◆ TASK BRIEF:
Say, as a bare number, how many lines of the listing hold "percussion".

◆ DATA TO USE:

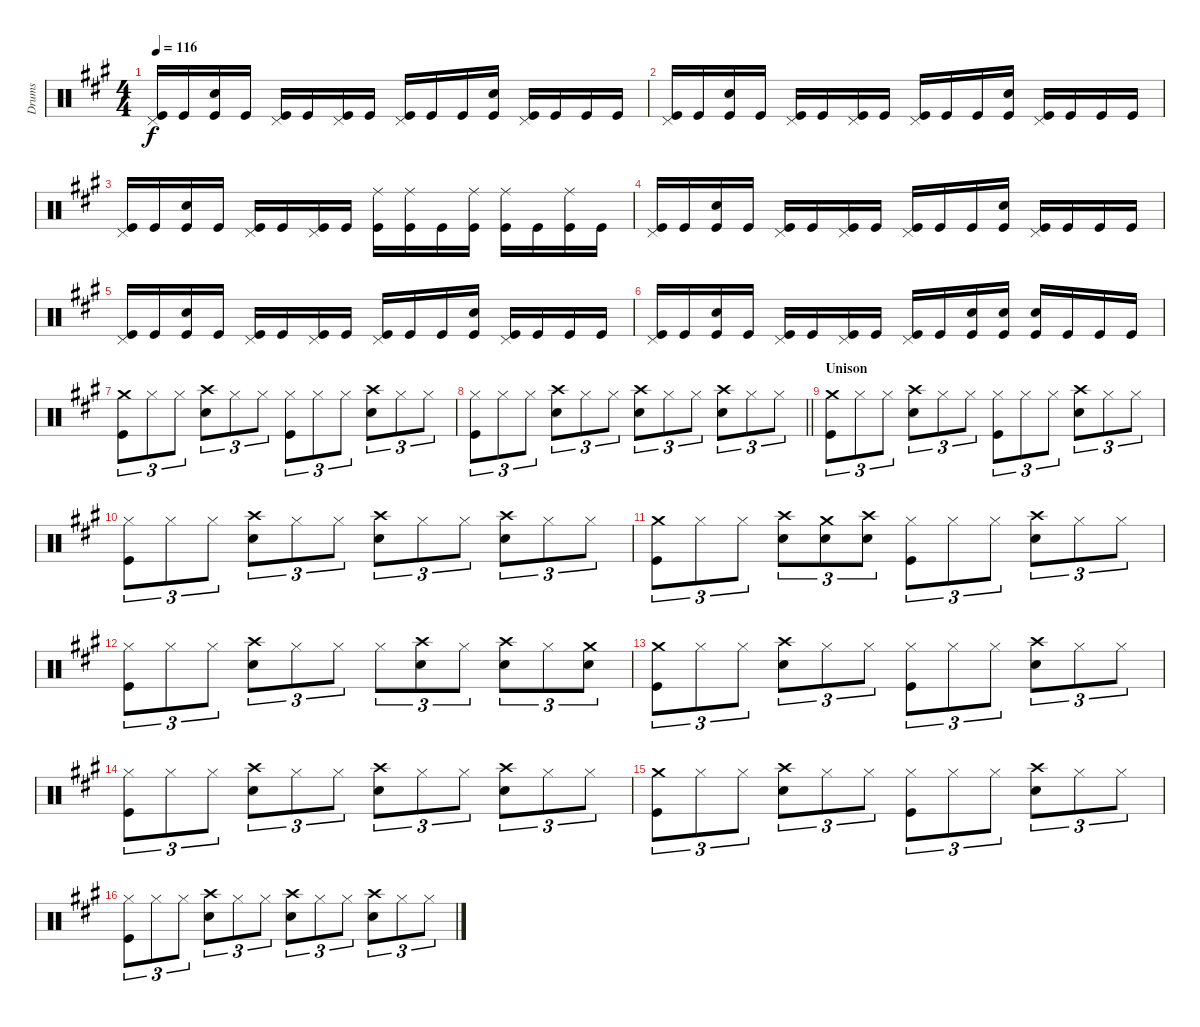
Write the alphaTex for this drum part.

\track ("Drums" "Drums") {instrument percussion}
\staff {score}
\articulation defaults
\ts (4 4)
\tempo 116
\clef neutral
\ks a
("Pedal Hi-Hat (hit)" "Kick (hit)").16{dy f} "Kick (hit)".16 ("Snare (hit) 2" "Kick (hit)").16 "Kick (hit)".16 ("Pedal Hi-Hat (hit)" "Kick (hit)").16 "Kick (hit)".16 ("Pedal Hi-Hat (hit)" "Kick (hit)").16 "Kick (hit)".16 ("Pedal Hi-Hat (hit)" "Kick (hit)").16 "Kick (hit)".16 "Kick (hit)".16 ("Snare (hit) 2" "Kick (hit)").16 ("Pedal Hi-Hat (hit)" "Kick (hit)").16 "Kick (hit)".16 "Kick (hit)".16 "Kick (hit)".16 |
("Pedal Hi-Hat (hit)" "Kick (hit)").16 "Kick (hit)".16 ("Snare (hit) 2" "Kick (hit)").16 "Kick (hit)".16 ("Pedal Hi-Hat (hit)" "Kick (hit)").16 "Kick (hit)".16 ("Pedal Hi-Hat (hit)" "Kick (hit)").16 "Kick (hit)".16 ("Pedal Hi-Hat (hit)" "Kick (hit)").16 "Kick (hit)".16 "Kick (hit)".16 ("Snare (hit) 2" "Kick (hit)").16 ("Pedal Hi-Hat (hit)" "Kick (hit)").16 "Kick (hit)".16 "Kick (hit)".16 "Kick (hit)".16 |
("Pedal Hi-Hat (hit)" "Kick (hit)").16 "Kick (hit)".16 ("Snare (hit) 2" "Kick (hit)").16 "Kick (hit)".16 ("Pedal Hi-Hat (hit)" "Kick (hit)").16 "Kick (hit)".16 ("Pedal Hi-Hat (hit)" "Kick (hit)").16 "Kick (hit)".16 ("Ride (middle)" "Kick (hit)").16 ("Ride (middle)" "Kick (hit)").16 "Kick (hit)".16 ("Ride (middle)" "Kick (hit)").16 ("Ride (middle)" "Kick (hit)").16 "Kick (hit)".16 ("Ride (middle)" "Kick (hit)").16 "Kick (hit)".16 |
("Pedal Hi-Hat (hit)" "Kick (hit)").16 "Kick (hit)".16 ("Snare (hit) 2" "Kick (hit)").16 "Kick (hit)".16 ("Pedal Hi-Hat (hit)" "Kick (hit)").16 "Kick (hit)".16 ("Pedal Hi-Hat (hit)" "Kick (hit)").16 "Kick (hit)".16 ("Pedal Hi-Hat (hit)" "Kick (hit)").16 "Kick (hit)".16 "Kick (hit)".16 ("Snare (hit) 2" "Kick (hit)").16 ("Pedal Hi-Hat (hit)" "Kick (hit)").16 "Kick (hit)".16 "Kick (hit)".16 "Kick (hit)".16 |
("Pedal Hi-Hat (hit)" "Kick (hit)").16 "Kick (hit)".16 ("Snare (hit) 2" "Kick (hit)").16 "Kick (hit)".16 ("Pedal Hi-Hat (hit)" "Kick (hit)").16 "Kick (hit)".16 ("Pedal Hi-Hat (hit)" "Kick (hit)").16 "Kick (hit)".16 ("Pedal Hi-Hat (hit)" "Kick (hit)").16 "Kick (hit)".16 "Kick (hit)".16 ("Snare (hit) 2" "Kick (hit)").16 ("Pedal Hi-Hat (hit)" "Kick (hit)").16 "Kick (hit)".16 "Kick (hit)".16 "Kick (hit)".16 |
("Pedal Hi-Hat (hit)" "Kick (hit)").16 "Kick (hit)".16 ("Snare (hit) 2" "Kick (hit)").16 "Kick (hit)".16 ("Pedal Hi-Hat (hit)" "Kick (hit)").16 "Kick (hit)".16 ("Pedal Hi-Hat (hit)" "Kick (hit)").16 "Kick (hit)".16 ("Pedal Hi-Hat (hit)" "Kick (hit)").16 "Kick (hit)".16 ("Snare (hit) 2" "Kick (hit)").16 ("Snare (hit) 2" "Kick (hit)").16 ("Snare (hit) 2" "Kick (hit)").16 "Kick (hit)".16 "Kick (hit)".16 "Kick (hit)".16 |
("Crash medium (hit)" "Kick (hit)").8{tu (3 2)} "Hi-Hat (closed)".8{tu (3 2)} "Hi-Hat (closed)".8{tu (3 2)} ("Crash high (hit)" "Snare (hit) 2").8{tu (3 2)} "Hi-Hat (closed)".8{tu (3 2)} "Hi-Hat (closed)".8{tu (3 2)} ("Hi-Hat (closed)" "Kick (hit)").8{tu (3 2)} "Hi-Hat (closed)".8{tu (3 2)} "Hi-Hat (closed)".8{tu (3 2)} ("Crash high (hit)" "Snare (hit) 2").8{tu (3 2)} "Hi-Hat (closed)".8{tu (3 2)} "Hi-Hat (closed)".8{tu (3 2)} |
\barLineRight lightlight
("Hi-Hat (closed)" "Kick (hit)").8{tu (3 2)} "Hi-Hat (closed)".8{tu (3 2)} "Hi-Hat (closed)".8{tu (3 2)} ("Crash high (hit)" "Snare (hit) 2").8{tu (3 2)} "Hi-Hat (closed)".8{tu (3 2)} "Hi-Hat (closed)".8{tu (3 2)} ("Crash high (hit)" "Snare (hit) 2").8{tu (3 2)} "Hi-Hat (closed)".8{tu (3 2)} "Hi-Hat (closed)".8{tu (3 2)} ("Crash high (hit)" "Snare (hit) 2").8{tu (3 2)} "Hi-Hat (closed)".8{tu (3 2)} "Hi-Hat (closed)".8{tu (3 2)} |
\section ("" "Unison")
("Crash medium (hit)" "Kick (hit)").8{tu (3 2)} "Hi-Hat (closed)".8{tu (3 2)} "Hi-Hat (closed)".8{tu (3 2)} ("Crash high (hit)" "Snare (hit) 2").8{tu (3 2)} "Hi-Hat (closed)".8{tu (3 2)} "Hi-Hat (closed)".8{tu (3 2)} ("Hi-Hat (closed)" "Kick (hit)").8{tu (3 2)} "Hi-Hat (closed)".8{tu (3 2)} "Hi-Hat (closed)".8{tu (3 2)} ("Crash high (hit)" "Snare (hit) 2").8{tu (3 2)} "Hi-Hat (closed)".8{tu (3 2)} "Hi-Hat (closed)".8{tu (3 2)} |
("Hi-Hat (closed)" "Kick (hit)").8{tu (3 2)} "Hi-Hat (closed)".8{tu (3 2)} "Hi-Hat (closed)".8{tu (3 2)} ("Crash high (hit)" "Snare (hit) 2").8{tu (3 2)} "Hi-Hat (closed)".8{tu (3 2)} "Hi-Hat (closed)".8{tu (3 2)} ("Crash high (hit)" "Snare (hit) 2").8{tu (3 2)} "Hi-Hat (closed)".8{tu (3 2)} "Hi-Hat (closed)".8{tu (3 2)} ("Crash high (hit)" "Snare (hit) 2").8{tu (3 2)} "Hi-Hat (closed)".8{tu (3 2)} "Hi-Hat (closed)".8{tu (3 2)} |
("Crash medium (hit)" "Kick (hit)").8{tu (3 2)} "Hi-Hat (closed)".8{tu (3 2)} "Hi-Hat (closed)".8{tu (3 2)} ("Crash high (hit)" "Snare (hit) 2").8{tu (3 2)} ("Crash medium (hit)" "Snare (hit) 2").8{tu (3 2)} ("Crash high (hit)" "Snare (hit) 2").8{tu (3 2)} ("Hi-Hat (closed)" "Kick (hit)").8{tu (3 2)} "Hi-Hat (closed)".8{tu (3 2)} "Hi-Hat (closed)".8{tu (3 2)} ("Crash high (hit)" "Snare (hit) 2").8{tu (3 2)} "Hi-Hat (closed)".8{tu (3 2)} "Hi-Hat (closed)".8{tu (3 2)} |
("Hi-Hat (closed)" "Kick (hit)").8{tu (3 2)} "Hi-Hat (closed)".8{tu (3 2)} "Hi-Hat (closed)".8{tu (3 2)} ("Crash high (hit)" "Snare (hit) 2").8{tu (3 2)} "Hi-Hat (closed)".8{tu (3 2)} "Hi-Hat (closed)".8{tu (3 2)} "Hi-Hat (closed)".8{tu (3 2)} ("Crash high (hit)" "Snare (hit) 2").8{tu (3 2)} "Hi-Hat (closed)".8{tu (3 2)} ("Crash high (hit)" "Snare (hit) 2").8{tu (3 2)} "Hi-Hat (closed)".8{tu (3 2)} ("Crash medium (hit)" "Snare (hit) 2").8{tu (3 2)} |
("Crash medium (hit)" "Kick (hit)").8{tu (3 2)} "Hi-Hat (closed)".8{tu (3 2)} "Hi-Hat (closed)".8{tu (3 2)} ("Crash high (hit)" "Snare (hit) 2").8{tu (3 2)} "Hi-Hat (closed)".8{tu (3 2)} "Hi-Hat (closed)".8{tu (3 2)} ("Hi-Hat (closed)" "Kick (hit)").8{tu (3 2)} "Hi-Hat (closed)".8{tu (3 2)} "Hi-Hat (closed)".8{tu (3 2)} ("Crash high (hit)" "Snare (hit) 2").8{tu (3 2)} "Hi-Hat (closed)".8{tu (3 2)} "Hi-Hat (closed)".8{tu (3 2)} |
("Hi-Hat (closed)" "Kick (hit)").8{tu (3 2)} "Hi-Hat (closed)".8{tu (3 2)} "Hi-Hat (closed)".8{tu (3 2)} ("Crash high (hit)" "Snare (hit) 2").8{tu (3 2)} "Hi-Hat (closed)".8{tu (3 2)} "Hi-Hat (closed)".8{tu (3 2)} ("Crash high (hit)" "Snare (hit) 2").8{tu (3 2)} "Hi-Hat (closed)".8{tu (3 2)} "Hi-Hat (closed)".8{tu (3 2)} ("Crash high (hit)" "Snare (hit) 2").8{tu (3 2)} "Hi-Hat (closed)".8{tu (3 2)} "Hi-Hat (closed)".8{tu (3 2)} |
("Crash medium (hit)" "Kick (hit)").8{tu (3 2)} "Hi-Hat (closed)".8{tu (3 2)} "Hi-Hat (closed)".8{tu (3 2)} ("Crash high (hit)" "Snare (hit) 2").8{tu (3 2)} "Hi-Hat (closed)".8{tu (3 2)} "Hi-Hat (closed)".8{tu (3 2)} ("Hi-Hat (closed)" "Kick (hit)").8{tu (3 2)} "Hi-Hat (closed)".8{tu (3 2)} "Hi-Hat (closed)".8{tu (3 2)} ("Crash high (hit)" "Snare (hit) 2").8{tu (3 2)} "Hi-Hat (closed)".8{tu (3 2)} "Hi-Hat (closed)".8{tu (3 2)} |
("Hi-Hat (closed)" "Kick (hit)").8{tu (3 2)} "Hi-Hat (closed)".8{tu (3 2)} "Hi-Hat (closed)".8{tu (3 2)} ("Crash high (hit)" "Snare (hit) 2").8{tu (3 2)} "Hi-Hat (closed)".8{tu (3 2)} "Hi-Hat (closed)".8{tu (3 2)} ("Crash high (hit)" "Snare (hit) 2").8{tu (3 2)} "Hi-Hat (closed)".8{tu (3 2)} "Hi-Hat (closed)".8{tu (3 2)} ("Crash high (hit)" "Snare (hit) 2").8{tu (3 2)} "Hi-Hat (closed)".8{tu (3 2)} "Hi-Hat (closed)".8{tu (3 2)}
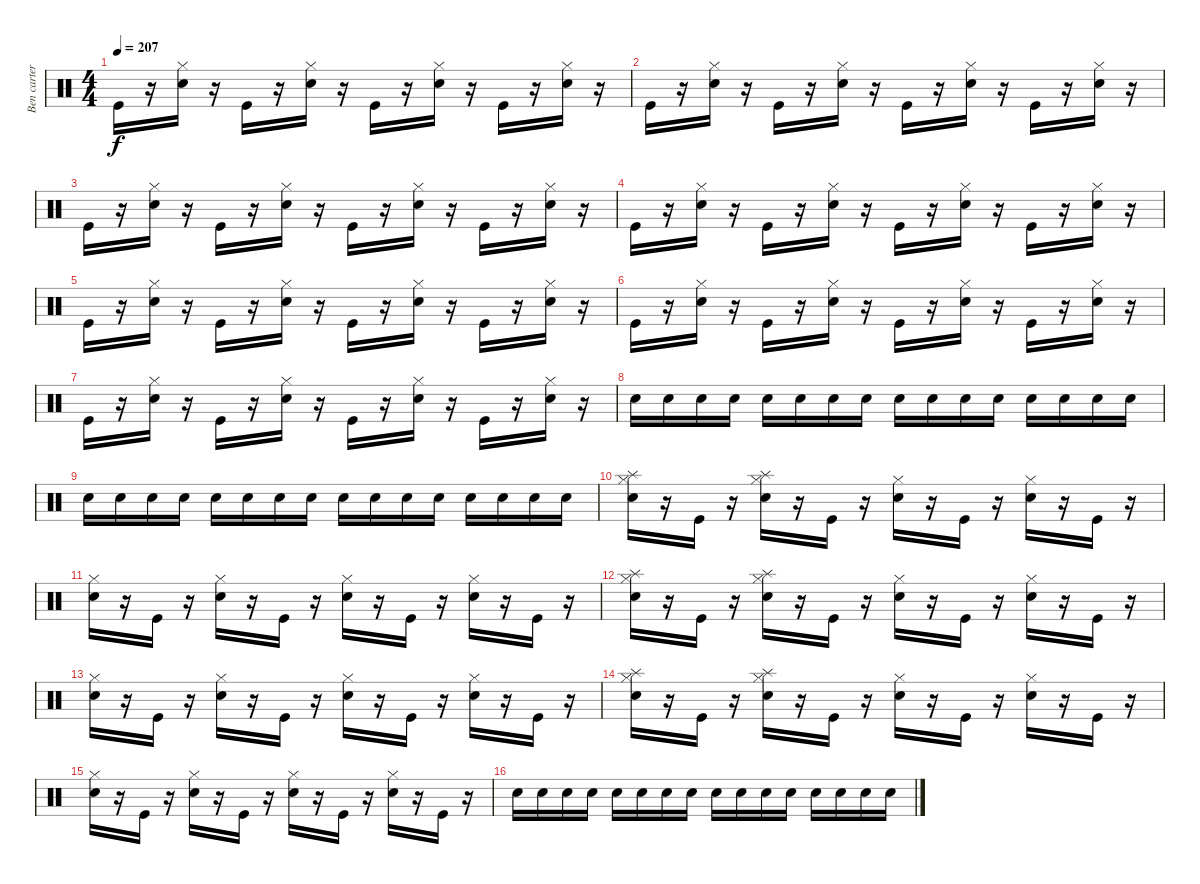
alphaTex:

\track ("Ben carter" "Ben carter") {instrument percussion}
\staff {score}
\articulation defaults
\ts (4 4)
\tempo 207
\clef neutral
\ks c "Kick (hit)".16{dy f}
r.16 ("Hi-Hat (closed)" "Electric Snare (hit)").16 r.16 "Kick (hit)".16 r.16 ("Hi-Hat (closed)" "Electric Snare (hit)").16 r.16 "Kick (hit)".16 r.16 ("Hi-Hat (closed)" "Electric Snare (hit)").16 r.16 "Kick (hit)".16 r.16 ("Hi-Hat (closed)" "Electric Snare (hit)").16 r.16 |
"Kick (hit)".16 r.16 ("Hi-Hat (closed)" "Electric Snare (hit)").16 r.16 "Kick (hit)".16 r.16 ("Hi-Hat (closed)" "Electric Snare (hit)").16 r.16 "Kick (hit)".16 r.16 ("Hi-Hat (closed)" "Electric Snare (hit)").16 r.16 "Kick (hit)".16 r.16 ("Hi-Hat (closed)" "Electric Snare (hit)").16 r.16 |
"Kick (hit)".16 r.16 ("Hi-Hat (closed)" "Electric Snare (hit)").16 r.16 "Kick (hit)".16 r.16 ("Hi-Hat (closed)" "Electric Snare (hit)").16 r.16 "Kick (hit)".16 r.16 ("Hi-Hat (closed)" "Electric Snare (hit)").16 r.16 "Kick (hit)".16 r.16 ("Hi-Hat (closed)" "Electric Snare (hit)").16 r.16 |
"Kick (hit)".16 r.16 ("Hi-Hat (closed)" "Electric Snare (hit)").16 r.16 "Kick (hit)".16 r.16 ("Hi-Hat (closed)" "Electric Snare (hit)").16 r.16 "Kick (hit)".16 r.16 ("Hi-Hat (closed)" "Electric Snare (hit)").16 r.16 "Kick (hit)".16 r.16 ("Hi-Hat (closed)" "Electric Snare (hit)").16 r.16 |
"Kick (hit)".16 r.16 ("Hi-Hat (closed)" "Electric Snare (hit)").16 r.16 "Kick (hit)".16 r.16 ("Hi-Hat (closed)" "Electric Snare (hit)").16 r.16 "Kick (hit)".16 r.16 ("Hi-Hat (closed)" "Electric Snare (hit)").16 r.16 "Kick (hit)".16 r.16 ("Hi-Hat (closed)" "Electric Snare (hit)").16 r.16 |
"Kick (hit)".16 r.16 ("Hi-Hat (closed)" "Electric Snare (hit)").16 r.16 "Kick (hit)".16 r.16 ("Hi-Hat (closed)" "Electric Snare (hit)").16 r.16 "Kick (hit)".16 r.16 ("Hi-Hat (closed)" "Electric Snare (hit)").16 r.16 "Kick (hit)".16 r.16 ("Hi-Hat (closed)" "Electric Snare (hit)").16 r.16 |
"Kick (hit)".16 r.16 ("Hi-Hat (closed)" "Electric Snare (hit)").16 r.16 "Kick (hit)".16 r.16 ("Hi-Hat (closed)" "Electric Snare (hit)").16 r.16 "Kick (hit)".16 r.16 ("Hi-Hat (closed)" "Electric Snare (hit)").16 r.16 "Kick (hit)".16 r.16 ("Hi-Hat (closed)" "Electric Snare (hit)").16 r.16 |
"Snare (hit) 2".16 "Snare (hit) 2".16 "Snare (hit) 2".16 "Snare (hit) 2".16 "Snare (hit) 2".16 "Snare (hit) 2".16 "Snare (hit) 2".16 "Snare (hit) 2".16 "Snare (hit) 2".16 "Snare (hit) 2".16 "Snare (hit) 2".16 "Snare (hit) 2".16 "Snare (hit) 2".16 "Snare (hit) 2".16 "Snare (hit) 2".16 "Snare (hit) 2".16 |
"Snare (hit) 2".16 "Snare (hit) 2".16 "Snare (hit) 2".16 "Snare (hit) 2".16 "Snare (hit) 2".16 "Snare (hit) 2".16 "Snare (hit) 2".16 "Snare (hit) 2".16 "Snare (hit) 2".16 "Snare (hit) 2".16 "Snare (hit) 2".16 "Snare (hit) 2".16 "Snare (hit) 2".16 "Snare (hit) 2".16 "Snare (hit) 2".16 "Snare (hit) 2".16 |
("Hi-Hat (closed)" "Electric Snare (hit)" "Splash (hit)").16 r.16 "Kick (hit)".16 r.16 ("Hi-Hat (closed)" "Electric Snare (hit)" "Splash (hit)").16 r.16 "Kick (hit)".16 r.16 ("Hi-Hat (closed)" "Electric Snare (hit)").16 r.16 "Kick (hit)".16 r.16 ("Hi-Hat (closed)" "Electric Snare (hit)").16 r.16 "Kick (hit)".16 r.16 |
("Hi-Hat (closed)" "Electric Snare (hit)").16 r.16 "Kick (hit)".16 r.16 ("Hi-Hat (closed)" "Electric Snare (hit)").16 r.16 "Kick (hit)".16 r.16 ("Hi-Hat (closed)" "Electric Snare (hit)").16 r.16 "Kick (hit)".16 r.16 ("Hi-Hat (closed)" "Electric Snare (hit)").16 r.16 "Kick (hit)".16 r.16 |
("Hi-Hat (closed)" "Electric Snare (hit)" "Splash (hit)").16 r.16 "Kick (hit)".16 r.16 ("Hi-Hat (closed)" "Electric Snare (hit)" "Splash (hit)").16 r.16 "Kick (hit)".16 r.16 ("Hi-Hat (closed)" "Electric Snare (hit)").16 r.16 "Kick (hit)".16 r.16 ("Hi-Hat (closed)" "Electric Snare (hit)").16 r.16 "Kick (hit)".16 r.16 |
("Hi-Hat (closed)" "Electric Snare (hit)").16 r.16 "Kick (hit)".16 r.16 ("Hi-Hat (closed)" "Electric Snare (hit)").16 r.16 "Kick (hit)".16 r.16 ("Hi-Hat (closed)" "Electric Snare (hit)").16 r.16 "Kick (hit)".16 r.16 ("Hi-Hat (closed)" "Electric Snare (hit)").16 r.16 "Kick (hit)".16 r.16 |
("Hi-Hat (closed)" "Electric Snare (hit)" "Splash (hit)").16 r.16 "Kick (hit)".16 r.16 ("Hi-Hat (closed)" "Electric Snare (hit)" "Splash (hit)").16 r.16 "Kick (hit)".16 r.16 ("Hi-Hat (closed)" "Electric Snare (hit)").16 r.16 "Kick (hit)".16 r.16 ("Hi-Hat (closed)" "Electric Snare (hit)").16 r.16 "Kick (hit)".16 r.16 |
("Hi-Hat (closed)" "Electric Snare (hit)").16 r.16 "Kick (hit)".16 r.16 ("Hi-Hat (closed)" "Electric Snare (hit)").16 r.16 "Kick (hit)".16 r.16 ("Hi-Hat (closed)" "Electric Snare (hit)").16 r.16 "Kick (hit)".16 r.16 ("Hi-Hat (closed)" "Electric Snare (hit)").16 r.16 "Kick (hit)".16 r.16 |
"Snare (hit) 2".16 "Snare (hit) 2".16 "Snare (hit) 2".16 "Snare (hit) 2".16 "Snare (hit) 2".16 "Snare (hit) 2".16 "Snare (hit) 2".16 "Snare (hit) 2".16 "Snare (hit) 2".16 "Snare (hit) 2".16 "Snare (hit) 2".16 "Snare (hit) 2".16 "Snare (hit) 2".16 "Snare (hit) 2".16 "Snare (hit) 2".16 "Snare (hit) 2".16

◆ ANSWER TO THE EXERCISE:
2